All this doubt and beating myself up for not acting perfect and over analyzing why I behave in such ways is completely pointless.  What I need to remember that I am equal to everyone else.  I am here to give not to receive.  When I receive it is just the completion of the circle.  I seek someone open mined, safe, honest and soft hearted.  Someone who thinks I am the moon.  Not because of my unique qualities, but because they love everyone open heartedly.  I won’t have to be, do or say anything special to win their love and affection because it will be available to anyone who is willing to receive it.  But the thing that will make the love between us special will be that we can deepen our love, by focusing it onto each other deeply and on purpose.  He will have the desire to be there.  He will want to stay.  He will want me by his side.  He will know how much there is to be gained by allowing somebody to love him.  He will be sensitive.  He will be strong.  He will love, he will be love.     

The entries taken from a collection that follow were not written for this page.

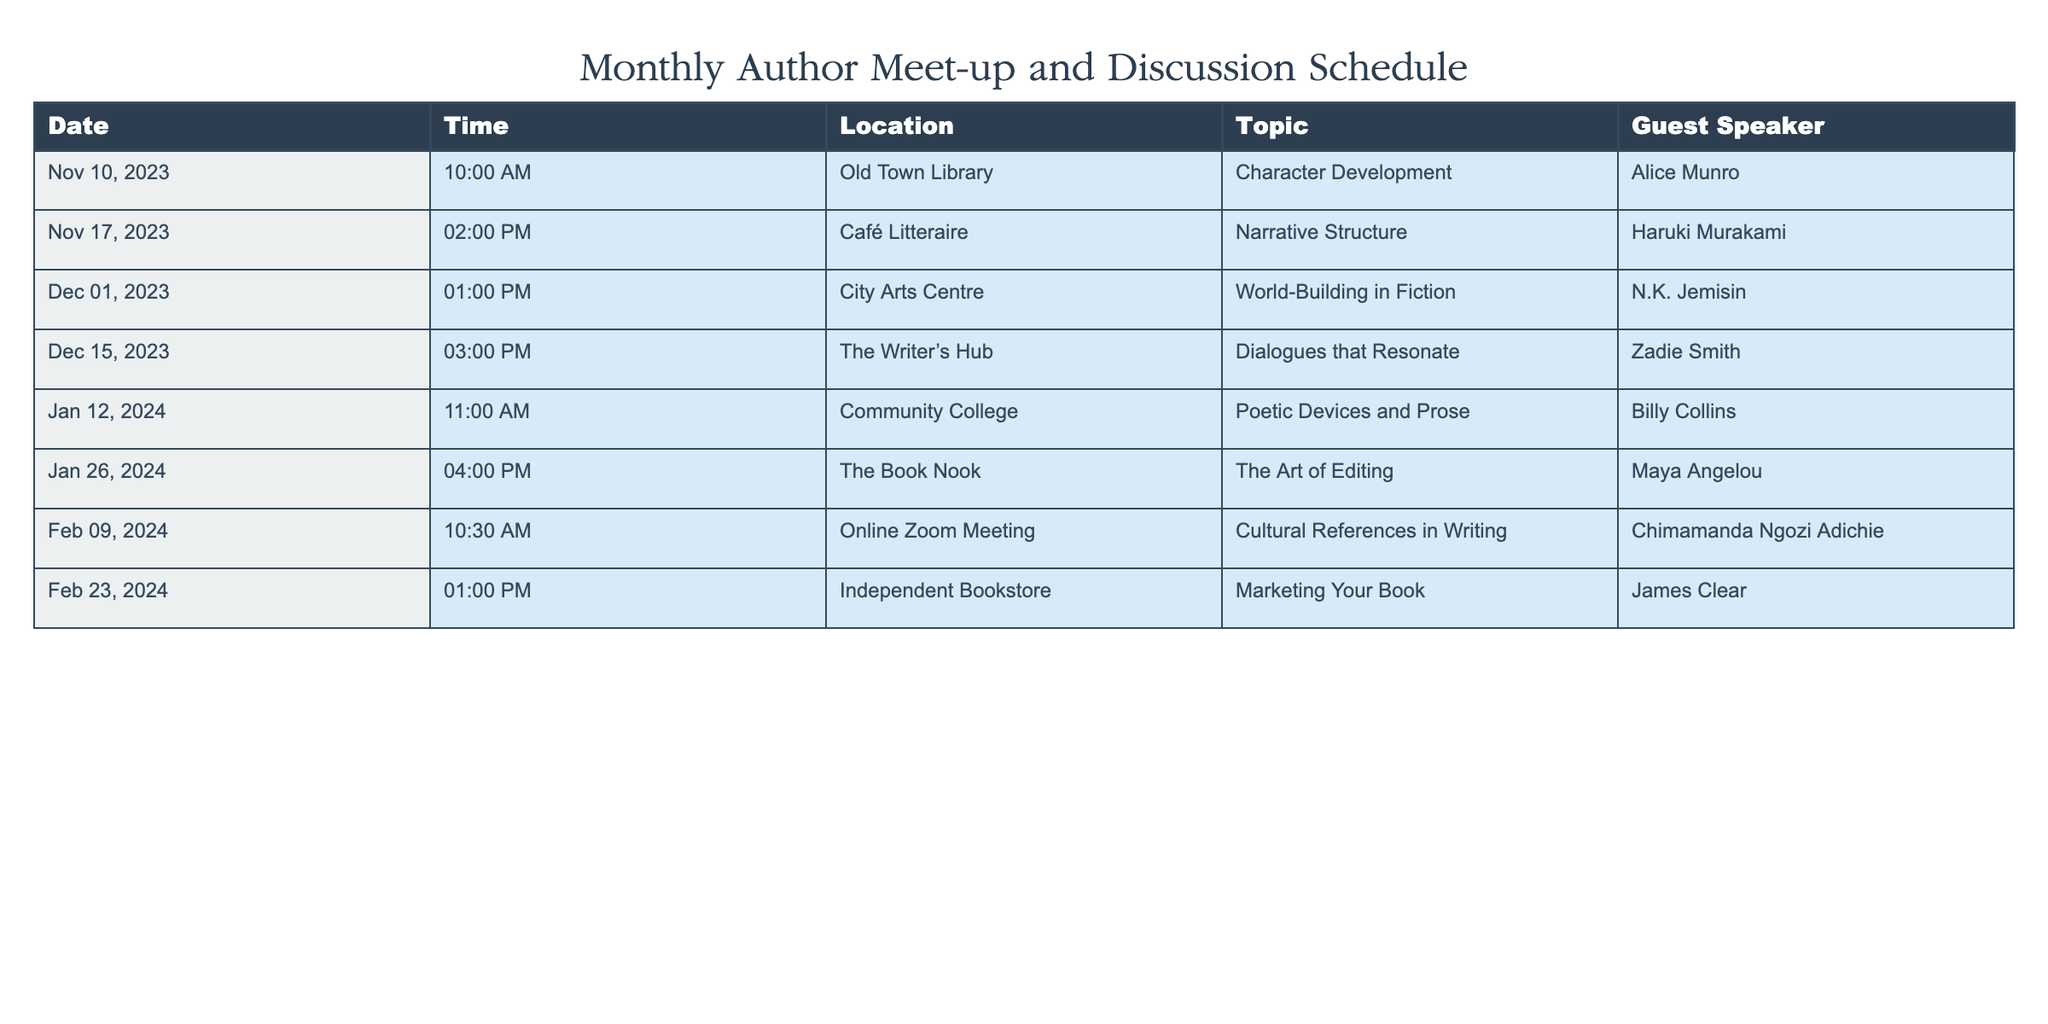What date is the author meet-up focused on "Character Development"? The table lists different sessions, and the topic of "Character Development" corresponds to the first entry. The date listed for this session is November 10, 2023.
Answer: November 10, 2023 Who is the guest speaker at the meet-up on "Narrative Structure"? Looking through the table, the session related to "Narrative Structure" is on November 17, 2023, and the guest speaker listed for this topic is Haruki Murakami.
Answer: Haruki Murakami How many meet-ups are scheduled in December 2023? The table shows two entries for December 2023: one on December 1 and another on December 15. Therefore, there are two meet-ups scheduled for that month.
Answer: 2 Is there a meet-up scheduled online? The table indicates that there is an online Zoom meeting on February 9, 2024. This suggests there is indeed a session that is not held in person.
Answer: Yes Which topic has the latest scheduled time in the next three months? The next three months include November 2023, December 2023, and January 2024. The meeting with the latest time is on January 26, 2024, at 4:00 PM, discussing "The Art of Editing."
Answer: The Art of Editing What is the total number of topics being discussed in the first quarter of 2024 (January to March)? Checking the timeline for January to March 2024, there are three sessions: January 12, January 26, and February 9. All these sessions discuss unique topics. Therefore, there are three topics during this time frame.
Answer: 3 Who speaks on "World-Building in Fiction"? Referring to the table, the session on "World-Building in Fiction" takes place on December 1, 2023, with guest speaker N.K. Jemisin.
Answer: N.K. Jemisin On what days of the week do the meet-ups in December 2023 occur? The two dates in December are December 1 (Friday) and December 15 (Friday). Therefore, both meet-ups fall on a Friday.
Answer: Friday What is the average time of the meet-ups scheduled in January 2024? We have two meet-ups in January: January 12 at 11:00 AM and January 26 at 4:00 PM. Converting times to hours, 11:00 AM equals 11, and 4:00 PM equals 16, the average is (11 + 16) / 2 = 13.5 hours, which is 1:30 PM.
Answer: 1:30 PM

My heart aches for him.  I know he is out there.  He is waiting for me to run to him too.  In this moment my heart is breaking in loneliness.  This is just part of the process.  It’s dark nights of the soul like this that will make our sweet time together even sweeter.  I have always had this fantasy since I was a little kid that my husband would come home after I had already gone to bed.  I could go to bed before he got home because I trust him completely.  I am sleeping and I feel him come into the room.  I hear him take off his shirt and his pants.  He goes into the bathroom to brush his teeth and the fait light from underneath the door is peaking though.   He turns off the light before opening the bathroom door, he put on a clean t-shirt in the dark.  He slowly and quietly lifts the sheet on his side of the bed and gently lays down next to me.  At first slowly as not to wake me, and he softly snuggles up behind me.  He hugs me deeply, warmly and passionately because he knows the kind of woman I am. The kind of woman who put her child first, the woman who survived, and made it through.  His wife, whose strength will be passed down through generations.  The woman who made it all those years on her own and didn't settle so she could finally give him the love that he deserved, and he never wants to let her go.  He appreciates her warmth, in fact he needs it.  In addition to her depth and her heart.  He doesn’t get scared by her openness and vulnerability, it turns him on.  He never thought he would find her either.  As he is a warrior as well.  He had to learn so many lessons before he was ready for a miracle like her, and he is so grateful that he did.